[Stored records]
Content starts
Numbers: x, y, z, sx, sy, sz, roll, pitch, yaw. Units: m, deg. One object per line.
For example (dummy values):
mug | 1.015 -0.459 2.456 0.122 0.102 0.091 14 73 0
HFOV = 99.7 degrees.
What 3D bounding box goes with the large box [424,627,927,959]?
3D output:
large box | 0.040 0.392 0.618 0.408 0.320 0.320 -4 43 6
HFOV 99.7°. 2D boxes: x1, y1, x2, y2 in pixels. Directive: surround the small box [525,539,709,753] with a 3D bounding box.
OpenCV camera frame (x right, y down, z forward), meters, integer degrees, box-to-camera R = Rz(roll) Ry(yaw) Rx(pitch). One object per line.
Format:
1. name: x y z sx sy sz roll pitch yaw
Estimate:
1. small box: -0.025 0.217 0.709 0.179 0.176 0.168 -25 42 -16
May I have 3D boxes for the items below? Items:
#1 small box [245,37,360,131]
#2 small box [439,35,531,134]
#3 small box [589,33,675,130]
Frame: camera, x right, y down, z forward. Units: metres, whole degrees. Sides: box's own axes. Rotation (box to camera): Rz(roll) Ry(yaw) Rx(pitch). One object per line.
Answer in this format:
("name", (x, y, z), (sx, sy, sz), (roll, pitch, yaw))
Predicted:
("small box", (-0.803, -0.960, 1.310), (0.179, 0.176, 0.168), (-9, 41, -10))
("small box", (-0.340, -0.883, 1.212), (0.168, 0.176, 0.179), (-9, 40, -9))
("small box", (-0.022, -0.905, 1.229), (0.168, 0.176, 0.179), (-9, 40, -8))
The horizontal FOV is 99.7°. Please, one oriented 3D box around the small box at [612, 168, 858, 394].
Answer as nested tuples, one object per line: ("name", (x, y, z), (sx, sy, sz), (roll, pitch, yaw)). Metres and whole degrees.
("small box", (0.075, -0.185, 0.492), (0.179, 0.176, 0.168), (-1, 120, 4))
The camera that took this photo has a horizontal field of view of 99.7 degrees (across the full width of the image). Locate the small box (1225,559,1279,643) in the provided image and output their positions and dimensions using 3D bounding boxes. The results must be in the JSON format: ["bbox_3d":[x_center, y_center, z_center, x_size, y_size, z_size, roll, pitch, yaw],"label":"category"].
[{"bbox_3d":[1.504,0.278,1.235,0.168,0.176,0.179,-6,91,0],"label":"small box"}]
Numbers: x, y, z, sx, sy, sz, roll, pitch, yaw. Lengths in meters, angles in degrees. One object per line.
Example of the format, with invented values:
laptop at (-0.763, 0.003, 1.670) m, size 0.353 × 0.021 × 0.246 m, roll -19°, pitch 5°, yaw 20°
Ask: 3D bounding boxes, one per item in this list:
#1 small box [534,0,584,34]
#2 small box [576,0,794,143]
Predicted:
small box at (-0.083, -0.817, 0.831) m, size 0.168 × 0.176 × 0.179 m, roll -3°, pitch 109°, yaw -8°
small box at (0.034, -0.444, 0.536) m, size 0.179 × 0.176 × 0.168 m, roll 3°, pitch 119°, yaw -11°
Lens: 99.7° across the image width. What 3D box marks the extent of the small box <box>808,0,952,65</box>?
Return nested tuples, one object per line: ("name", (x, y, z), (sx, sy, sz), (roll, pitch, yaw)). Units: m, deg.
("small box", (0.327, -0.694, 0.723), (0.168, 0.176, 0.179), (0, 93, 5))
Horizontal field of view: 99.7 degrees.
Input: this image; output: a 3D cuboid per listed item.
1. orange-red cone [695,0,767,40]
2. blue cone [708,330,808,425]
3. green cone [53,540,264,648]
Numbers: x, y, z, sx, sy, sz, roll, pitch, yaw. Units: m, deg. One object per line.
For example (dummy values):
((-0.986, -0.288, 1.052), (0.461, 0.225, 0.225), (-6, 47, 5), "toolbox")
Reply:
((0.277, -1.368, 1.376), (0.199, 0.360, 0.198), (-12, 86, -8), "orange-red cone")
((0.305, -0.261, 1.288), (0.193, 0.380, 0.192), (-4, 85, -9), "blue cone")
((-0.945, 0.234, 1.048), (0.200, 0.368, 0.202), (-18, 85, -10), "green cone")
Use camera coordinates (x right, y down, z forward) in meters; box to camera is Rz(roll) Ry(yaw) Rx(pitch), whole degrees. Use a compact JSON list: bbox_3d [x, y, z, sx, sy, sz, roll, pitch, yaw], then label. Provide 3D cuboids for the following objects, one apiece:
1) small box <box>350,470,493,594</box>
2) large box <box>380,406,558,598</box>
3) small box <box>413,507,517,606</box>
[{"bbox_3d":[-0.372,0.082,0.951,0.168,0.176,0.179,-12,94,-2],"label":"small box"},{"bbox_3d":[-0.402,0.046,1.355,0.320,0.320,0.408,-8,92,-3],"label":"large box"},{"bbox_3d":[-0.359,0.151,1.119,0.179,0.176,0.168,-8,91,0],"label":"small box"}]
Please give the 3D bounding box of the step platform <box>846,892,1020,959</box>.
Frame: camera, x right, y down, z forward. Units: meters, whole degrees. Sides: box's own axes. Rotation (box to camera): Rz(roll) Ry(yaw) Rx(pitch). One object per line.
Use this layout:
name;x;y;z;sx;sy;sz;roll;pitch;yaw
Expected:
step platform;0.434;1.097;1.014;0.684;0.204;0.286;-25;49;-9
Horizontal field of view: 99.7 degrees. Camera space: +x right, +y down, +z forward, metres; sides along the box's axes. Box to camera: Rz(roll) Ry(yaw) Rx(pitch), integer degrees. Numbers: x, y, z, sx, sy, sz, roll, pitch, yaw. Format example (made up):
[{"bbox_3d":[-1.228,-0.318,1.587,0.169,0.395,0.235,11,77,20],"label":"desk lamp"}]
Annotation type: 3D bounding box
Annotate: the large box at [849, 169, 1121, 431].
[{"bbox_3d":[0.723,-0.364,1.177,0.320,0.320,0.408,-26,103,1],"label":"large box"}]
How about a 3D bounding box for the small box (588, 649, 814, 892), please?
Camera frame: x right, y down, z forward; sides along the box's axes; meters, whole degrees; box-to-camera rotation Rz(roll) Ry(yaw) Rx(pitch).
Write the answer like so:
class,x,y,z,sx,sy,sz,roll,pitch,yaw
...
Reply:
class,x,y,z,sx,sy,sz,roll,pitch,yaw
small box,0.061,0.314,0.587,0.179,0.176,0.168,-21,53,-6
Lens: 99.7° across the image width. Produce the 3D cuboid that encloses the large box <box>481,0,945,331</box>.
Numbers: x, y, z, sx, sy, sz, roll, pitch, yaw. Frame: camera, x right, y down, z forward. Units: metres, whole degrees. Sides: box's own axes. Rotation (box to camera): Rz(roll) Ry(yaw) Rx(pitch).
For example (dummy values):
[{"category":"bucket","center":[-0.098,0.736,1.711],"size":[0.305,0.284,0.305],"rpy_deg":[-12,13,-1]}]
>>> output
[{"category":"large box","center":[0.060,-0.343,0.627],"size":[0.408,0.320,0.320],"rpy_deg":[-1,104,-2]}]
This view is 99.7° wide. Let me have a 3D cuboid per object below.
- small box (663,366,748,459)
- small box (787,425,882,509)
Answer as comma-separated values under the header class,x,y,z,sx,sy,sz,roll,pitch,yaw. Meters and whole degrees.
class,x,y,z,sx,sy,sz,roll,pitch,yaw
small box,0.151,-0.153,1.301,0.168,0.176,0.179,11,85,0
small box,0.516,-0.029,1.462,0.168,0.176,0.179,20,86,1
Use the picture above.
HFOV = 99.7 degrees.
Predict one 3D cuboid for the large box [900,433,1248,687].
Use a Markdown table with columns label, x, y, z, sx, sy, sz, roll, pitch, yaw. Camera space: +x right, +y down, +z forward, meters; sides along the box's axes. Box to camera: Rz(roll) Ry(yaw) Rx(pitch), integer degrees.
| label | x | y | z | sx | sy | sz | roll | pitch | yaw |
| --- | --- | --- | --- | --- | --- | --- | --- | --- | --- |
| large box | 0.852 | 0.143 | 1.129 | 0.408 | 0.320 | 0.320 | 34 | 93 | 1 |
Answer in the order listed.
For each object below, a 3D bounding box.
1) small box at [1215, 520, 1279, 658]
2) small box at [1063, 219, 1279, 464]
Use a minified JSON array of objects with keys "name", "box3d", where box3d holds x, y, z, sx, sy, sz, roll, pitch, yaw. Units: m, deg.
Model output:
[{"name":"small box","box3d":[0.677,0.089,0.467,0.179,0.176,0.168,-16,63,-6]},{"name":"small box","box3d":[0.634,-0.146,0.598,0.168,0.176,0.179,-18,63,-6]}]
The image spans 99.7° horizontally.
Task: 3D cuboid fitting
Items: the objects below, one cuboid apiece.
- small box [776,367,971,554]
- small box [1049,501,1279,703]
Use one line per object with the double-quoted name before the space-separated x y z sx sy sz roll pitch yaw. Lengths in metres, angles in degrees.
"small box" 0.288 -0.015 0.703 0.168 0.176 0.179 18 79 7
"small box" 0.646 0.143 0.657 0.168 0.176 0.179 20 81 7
Content ends
About this task
The response must contain exactly the lines from the one with "Items: the objects below, one cuboid apiece." to the end of the entries above, both included, and nothing more.

Solution to the problem
Items: the objects below, one cuboid apiece.
- small box [776,367,971,554]
- small box [1049,501,1279,703]
Use one line per object with the double-quoted name before the space-separated x y z sx sy sz roll pitch yaw. Lengths in metres, angles in degrees.
"small box" 0.288 -0.015 0.703 0.168 0.176 0.179 18 79 7
"small box" 0.646 0.143 0.657 0.168 0.176 0.179 20 81 7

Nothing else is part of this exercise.